Democrats hope to paint Perry as the second coming of George W. Bush, whose approval ratings were abysmal when he left office. At the same time, Perry is already trying to distinguish himself from his predecessor as Texas governor, and the Bush circle’s commentary might help him do just that.

Within a day of Perry’s comment about Bernanke, Bush’s chief strategist, Karl Rove, appeared on Fox News and called the remark “unfortunate.”

“You don't accuse the chairman of the Federal Reserve of being a traitor to his country and being guilty of treason and suggesting that we treat him pretty ugly in Texas -- that's not, again, a presidential statement,” Rove said.

Tony Fratto, a highly respected former Bush official, took to Twitter to say much the same thing. And Fratto and Rove weren’t alone; plenty of establishment Republicans with ties to the Bush White House echoed those sentiments privately.

There’s just one problem: It doesn’t appear as though the GOP establishment has learned much about the Tea Party, an amorphous group of movement conservatives who don’t like being told how to think by the establishment.

Witness this comment on Twitter by Dana Loesch, a high-profile Tea Party activist who often appears on CNN: “I will lose respect for [the] Perry campaign if they walk back the Bernanke remarks one inch.” They didn’t; Perry’s aides said simply that he is passionate about fiscal issues.

What’s more, Tea Partiers have said repeatedly that they were nearly as turned off by President Bush and his administration several years ago as they are by Democrats in charge of Washington today. If “the Bushies” are already attacking Perry, it may help separate the new candidate further from the 43rd president and lend him more credibility with conservatives.

A former strategist for Mitt Romney who is close to Bush’s circle suggested that the Bush crowd is nervous about how the former president’s legacy will be treated publicly with a surging Perry in the race. The strategist said the Bush team ought to relax, agreeing that their criticism will only elevate Perry and win him more attention.

It’s easy to see why the Bush team is concerned. In 2007, Perry said that Bush was never a fiscal conservative, and today, he touts himself as the ultimate fiscal conservative.

What’s more, the Perry campaign is not missing an opportunity to distinguish their candidate from Bush in other ways. Perry's wife, Anita, said this at an event in Cedar Rapids on Monday: “A woman asked me today at the fair, she said, ‘Tell me the difference between him and George W. Bush. They’re both Texans.’ And she said, ‘Do you think Rick would be as good a president as President Bush?’ And I said, ‘Well ma’am, he would be better. He’s my husband.’ ”

And Perry himself told CNN that he had a markedly different upbringing than Bush did, which helped define him. “He’s a Yale graduate; I’m a Texas A&M grad,” Perry said Monday.

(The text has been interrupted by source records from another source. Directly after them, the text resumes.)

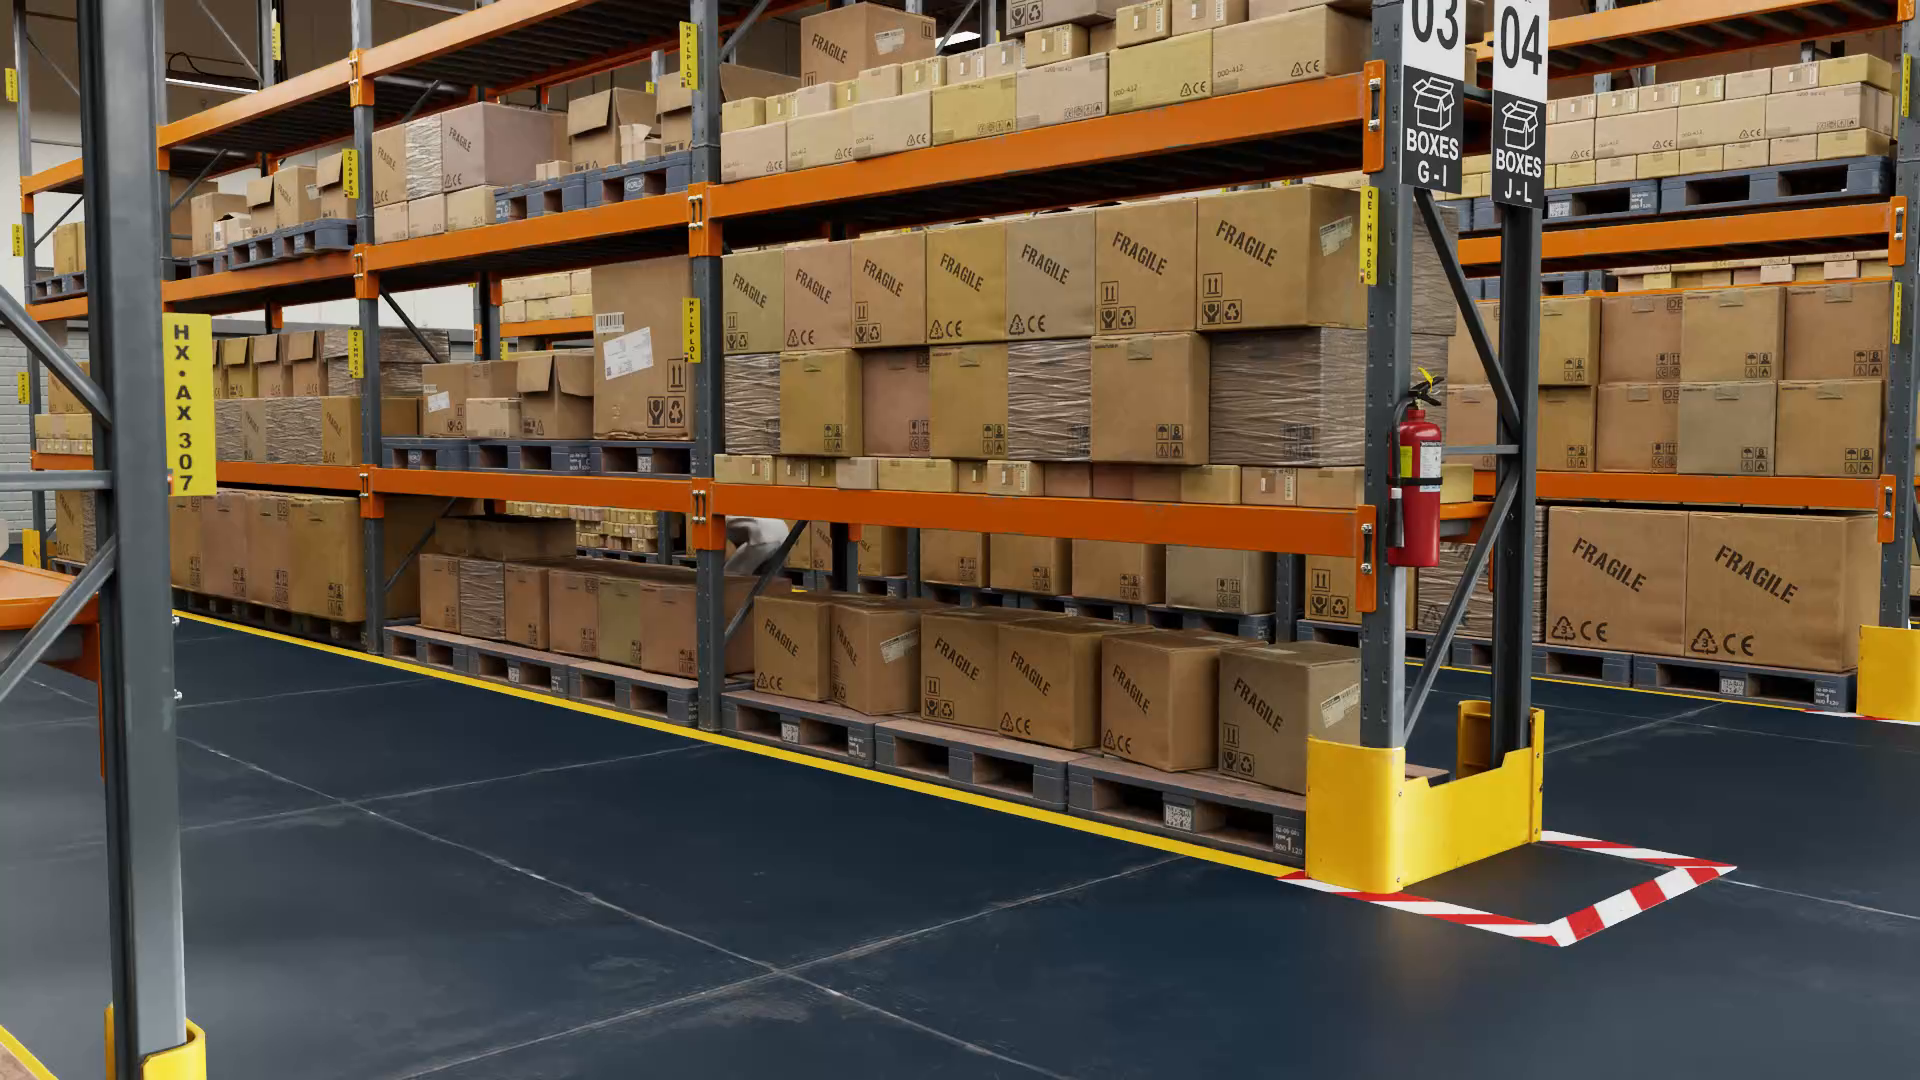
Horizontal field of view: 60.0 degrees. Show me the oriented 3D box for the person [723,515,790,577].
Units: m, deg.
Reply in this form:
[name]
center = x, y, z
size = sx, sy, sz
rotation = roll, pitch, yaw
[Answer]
[person]
center = -1.623, 0.229, 12.388
size = 0.865, 1.025, 0.466
rotation = 4, 5, 43
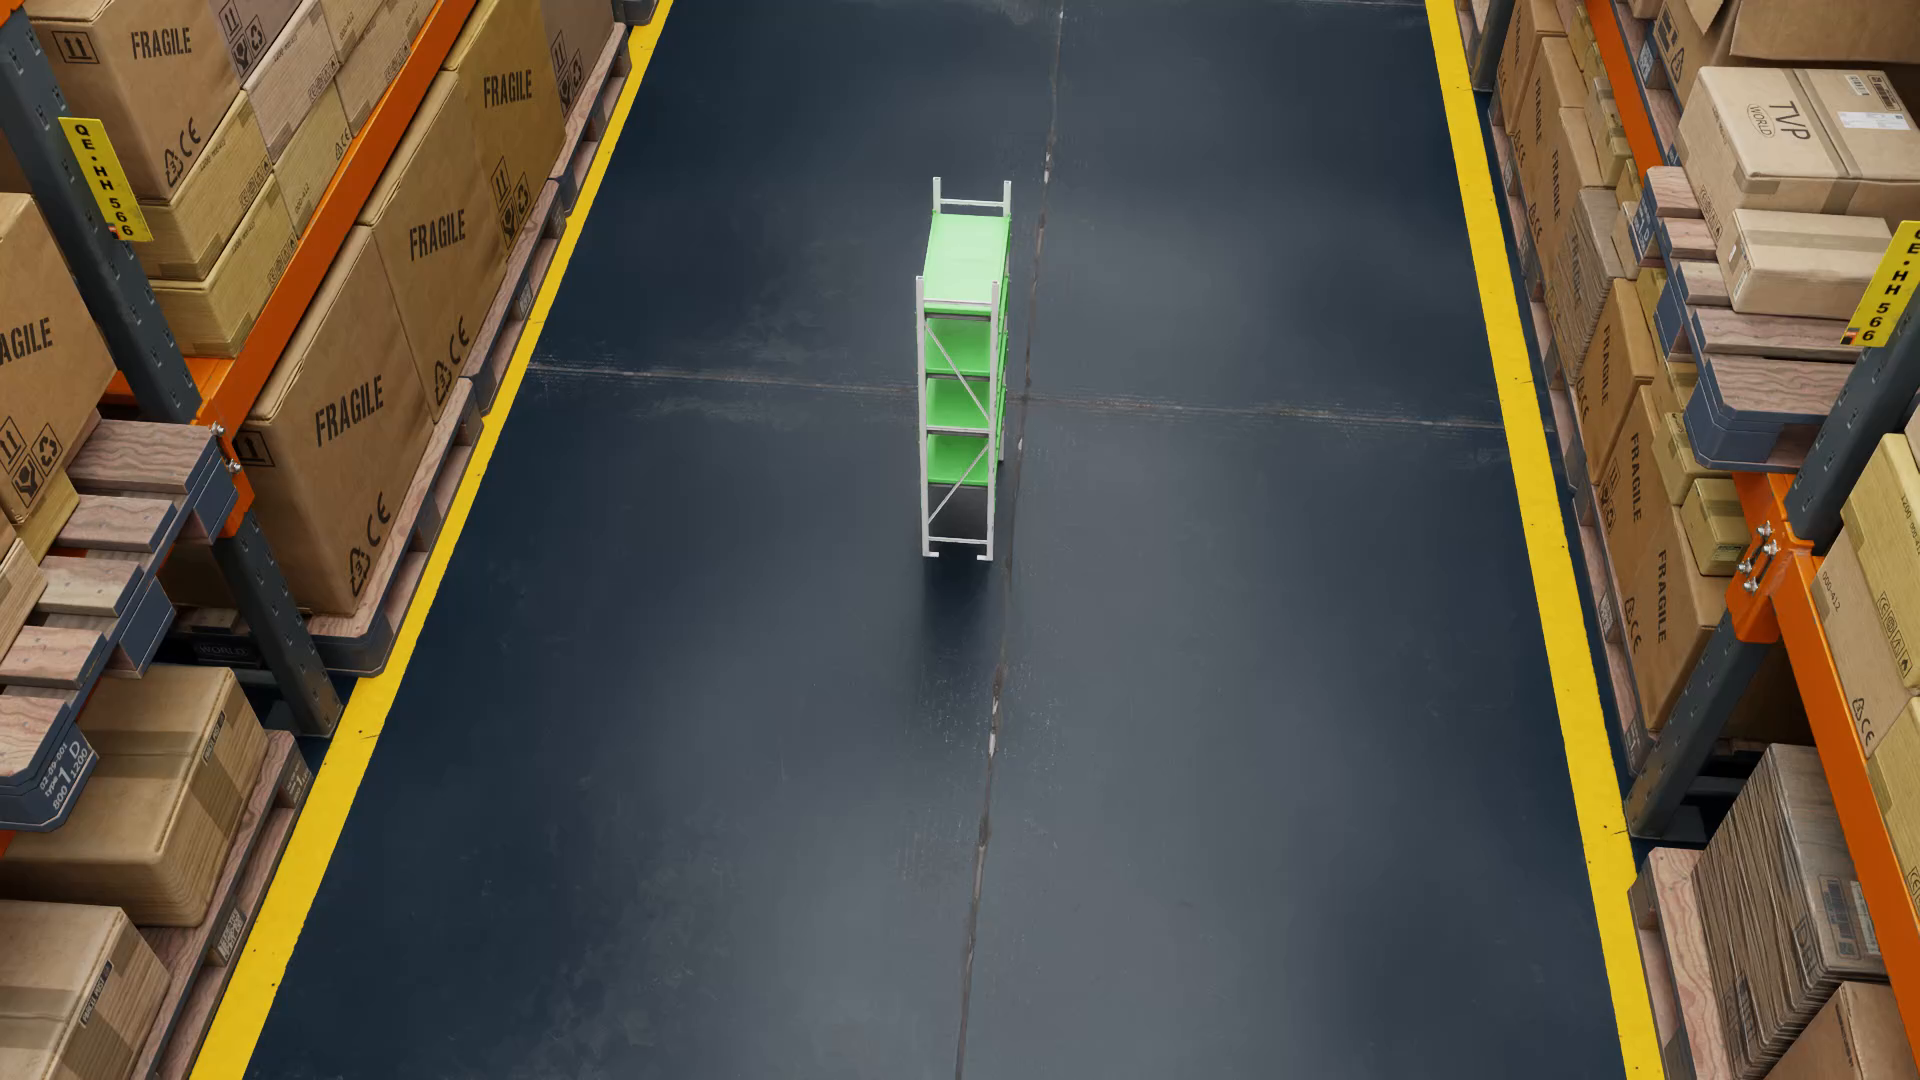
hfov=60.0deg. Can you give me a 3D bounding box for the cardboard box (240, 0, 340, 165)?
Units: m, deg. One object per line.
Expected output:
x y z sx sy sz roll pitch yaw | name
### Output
-2.111 -1.321 4.688 0.500 0.250 0.500 5 48 4 | cardboard box

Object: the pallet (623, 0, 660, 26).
-1.940 -3.019 8.368 1.003 0.211 1.213 4 48 4 | pallet

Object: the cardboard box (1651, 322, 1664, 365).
2.416 -0.618 5.252 0.380 0.149 0.250 5 48 5 | cardboard box

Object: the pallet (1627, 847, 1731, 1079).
2.378 1.407 4.320 1.003 0.211 1.213 4 48 4 | pallet

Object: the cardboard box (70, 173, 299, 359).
-2.157 -0.760 4.514 0.500 0.250 0.500 3 48 3 | cardboard box

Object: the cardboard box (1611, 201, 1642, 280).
2.433 -1.006 5.607 0.380 0.149 0.250 2 48 2 | cardboard box

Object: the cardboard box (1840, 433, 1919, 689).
2.183 0.053 3.431 0.500 0.250 0.500 4 48 3 | cardboard box

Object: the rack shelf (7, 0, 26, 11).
-2.269 -2.707 4.648 1.077 0.370 4.000 4 48 4 | rack shelf

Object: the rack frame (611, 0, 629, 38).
-2.087 -3.407 6.833 1.000 3.000 0.127 4 48 4 | rack frame

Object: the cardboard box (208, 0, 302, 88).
-2.128 -1.550 4.389 0.500 0.500 0.500 4 48 4 | cardboard box

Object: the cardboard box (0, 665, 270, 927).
-2.513 0.692 4.580 0.950 0.372 0.625 1 48 1 | cardboard box

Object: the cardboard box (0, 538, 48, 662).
-2.178 0.122 3.491 0.380 0.149 0.250 4 48 3 | cardboard box

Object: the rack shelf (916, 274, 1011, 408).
0.015 -0.645 5.289 0.258 0.148 0.480 4 48 4 | rack shelf

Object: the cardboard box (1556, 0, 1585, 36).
2.610 -2.138 6.643 0.380 0.149 0.250 3 48 2 | cardboard box

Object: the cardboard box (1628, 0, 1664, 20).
2.471 -1.954 5.152 0.700 0.500 0.500 4 48 3 | cardboard box

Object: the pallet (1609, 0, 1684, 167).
2.664 -1.501 5.220 1.003 0.211 1.213 4 48 4 | pallet

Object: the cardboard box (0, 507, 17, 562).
-2.253 -0.010 3.172 0.500 0.500 0.500 3 48 3 | cardboard box

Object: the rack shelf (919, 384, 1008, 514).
0.015 -0.322 5.643 0.258 0.148 0.480 4 48 4 | rack shelf

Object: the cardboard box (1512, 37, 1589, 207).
2.549 -1.642 6.628 0.500 0.500 0.500 3 48 3 | cardboard box

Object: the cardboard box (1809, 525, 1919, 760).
2.208 0.224 3.614 0.500 0.250 0.500 4 48 4 | cardboard box

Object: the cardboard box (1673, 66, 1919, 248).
2.265 -1.025 4.471 0.500 0.250 0.500 2 48 2 | cardboard box

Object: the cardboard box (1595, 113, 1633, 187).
2.502 -1.383 5.952 0.380 0.149 0.250 5 48 5 | cardboard box

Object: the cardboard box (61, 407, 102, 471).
-2.247 -0.268 3.848 0.380 0.149 0.250 5 48 5 | cardboard box

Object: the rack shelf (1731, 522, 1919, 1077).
2.309 1.576 2.763 1.077 0.370 4.000 4 48 4 | rack shelf

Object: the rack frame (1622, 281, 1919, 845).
2.492 -0.136 3.842 1.000 3.000 0.127 4 48 4 | rack frame

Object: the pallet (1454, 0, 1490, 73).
2.920 -2.639 8.021 1.003 0.211 1.213 4 48 4 | pallet

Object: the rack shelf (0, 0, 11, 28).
-2.634 0.233 1.959 1.077 0.370 4.000 4 48 4 | rack shelf

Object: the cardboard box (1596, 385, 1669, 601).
2.372 -0.127 5.243 0.500 0.500 0.500 3 48 3 | cardboard box

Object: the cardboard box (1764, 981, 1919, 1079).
2.369 1.461 3.705 0.875 0.625 0.625 5 48 5 | cardboard box

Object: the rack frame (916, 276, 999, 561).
-0.007 -0.347 5.255 0.240 1.200 0.015 4 48 4 | rack frame

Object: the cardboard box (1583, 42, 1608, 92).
2.587 -1.747 6.285 0.380 0.149 0.250 3 48 3 | cardboard box

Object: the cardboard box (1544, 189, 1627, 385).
2.446 -0.894 5.945 0.500 0.500 0.500 2 48 2 | cardboard box

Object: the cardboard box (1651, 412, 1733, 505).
2.278 -0.236 4.903 0.380 0.149 0.250 2 48 2 | cardboard box

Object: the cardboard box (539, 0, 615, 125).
-2.064 -2.370 7.041 0.875 0.875 0.875 5 48 5 | cardboard box

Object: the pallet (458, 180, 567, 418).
-2.191 -0.995 6.517 1.003 0.211 1.213 4 48 4 | pallet

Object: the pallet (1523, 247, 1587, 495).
2.711 -0.635 6.188 1.003 0.211 1.213 4 48 4 | pallet

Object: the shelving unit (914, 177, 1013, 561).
0.015 -0.527 5.419 0.258 1.200 0.503 4 48 4 | shelving unit

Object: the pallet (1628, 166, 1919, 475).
2.484 -0.574 4.373 1.213 0.211 1.003 4 48 4 | pallet

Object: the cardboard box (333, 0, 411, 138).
-2.074 -1.523 5.212 0.500 0.250 0.500 5 48 5 | cardboard box

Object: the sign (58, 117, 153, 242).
-1.910 -0.802 3.720 0.100 0.325 0.005 4 48 4 | sign

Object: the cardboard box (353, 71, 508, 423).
-2.221 -1.049 5.832 0.875 0.875 0.875 4 48 4 | cardboard box

The Texas governor’s top advisers have long maintained that there is no feud with Bush, or they chalk it up to staff rivalries. Perry's chief of staff, Ray Sullivan, said to RCP: “The Bush issue is exaggerated in my view. The governor and president have a good relationship. A number of our senior staff worked for George W. Bush.”

But, he continued, “President Bush is not running for reelection. President Obama is. Governor Perry is running to defeat President Obama.”